* _What you need to do_
Work out how many lines of the records hold the string "separated", and reply with that number alone.

* _Data extracted from a collection_
== Segment start ==

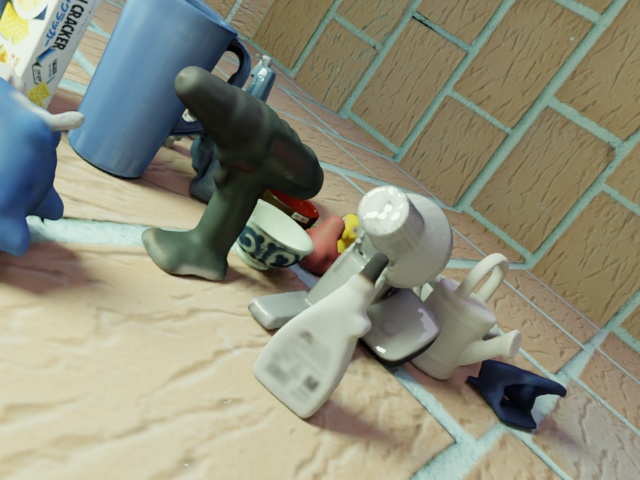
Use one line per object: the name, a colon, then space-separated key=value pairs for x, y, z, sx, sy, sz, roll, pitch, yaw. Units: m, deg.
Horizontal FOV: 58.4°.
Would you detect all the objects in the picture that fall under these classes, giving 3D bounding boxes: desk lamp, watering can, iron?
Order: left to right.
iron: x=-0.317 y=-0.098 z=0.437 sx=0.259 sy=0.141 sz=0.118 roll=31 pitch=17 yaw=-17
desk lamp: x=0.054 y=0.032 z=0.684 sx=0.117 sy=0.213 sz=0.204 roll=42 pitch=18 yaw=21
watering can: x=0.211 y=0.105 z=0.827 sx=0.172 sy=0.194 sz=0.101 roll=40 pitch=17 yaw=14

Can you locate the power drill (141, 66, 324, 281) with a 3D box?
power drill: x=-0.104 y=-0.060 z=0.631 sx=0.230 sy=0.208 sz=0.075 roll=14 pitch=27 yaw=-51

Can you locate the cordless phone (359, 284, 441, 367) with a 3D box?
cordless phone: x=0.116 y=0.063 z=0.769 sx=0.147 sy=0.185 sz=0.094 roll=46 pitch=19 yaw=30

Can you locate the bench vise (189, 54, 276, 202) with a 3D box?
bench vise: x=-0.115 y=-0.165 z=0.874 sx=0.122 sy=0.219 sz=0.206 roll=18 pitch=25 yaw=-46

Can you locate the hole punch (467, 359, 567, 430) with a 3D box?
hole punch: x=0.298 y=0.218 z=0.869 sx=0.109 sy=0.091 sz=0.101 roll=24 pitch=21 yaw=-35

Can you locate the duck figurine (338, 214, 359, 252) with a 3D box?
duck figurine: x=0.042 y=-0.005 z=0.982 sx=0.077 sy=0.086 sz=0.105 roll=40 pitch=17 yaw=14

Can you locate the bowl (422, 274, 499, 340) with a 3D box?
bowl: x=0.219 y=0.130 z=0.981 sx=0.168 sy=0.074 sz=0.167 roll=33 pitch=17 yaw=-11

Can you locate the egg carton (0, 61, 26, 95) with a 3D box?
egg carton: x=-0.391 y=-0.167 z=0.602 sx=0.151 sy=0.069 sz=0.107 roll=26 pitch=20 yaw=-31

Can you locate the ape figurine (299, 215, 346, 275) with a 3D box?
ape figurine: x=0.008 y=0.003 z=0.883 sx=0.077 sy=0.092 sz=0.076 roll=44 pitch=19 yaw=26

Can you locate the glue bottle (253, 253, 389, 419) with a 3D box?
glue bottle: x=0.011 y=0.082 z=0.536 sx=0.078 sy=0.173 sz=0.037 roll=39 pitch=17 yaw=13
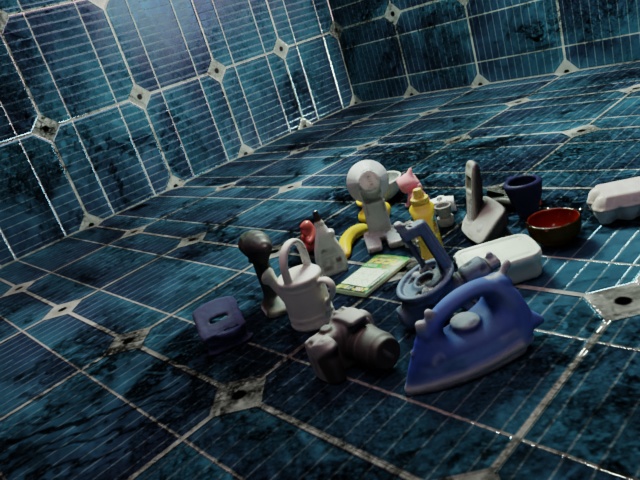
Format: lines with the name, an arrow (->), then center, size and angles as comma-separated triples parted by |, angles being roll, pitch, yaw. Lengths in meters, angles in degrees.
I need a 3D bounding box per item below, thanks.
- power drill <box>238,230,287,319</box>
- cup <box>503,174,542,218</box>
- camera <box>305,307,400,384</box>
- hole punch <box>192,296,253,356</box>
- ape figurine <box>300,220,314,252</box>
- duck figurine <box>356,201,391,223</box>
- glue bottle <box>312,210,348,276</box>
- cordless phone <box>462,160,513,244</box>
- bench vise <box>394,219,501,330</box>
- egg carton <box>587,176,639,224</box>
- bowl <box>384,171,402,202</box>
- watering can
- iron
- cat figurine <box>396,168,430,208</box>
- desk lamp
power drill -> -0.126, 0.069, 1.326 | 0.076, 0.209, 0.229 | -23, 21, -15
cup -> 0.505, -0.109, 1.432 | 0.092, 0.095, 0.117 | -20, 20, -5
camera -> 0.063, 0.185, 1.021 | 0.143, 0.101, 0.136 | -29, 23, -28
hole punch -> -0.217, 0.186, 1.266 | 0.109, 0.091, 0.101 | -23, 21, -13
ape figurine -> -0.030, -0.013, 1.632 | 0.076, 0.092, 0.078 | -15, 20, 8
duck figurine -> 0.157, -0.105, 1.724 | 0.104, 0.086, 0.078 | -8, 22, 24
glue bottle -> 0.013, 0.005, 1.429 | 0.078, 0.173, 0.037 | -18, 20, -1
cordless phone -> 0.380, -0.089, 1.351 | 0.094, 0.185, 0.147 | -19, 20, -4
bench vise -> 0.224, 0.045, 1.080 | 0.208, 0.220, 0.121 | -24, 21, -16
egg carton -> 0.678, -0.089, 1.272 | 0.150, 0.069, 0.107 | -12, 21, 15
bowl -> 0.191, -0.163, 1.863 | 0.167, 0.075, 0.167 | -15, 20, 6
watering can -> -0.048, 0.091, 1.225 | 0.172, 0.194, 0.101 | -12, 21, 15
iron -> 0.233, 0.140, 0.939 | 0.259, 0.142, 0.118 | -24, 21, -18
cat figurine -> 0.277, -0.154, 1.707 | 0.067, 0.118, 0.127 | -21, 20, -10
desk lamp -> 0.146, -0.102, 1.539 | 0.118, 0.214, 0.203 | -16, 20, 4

== Segment end ==

* _Solved exercise_
2